[Opening Listed entries section]

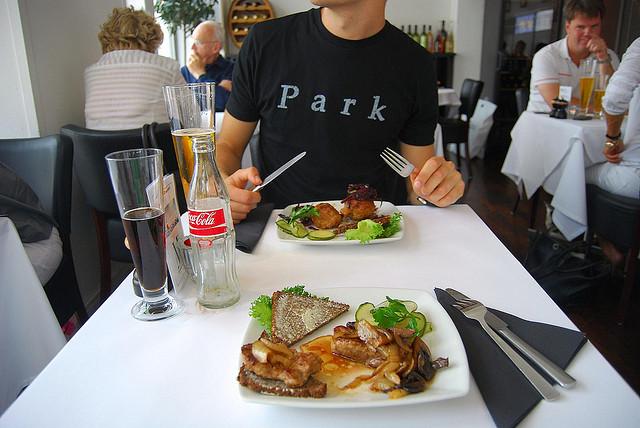What does the quality of the food look like?
Concise answer only. Good. What is likely in the drinking glass on the close left?
Give a very brief answer. Coke. What word is on his shirt?
Answer briefly. Park. 
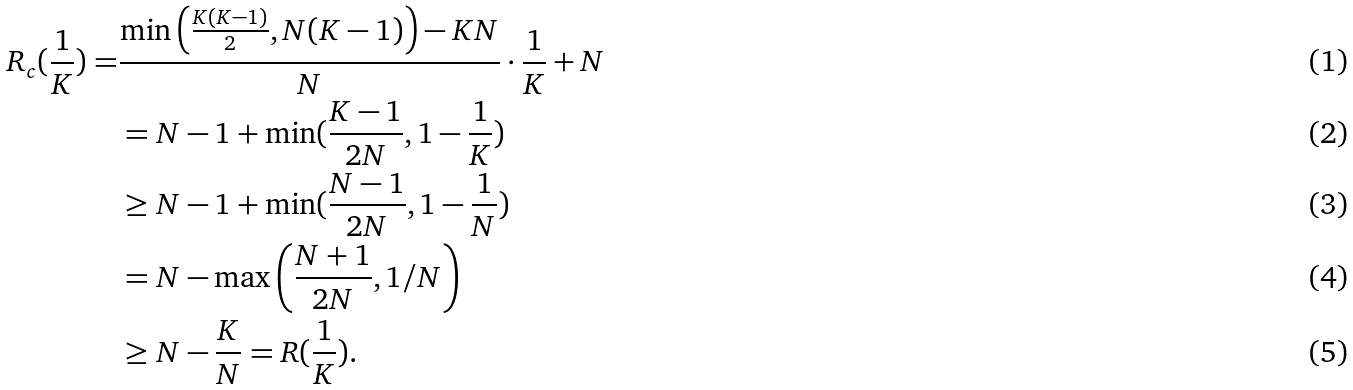<formula> <loc_0><loc_0><loc_500><loc_500>R _ { c } ( \frac { 1 } { K } ) = & \frac { \min \left ( \frac { K ( K - 1 ) } { 2 } , N ( K - 1 ) \right ) - K N } { N } \cdot \frac { 1 } { K } + N \\ & = N - 1 + \min ( \frac { K - 1 } { 2 N } , 1 - \frac { 1 } { K } ) \\ & \geq N - 1 + \min ( \frac { N - 1 } { 2 N } , 1 - \frac { 1 } { N } ) \\ & = N - \max \left ( \frac { N + 1 } { 2 N } , 1 / N \right ) \\ & \geq N - \frac { K } { N } = R ( \frac { 1 } { K } ) .</formula>

[Closing Listed entries section]

--- What is required ---
The answer must be an exact copy of every record above, minus the pictures.

--- Result of the task ---
What does the quality of the food look like?
Concise answer only. Good. What is likely in the drinking glass on the close left?
Give a very brief answer. Coke. What word is on his shirt?
Answer briefly. Park. 
<formula> <loc_0><loc_0><loc_500><loc_500>R _ { c } ( \frac { 1 } { K } ) = & \frac { \min \left ( \frac { K ( K - 1 ) } { 2 } , N ( K - 1 ) \right ) - K N } { N } \cdot \frac { 1 } { K } + N \\ & = N - 1 + \min ( \frac { K - 1 } { 2 N } , 1 - \frac { 1 } { K } ) \\ & \geq N - 1 + \min ( \frac { N - 1 } { 2 N } , 1 - \frac { 1 } { N } ) \\ & = N - \max \left ( \frac { N + 1 } { 2 N } , 1 / N \right ) \\ & \geq N - \frac { K } { N } = R ( \frac { 1 } { K } ) .</formula>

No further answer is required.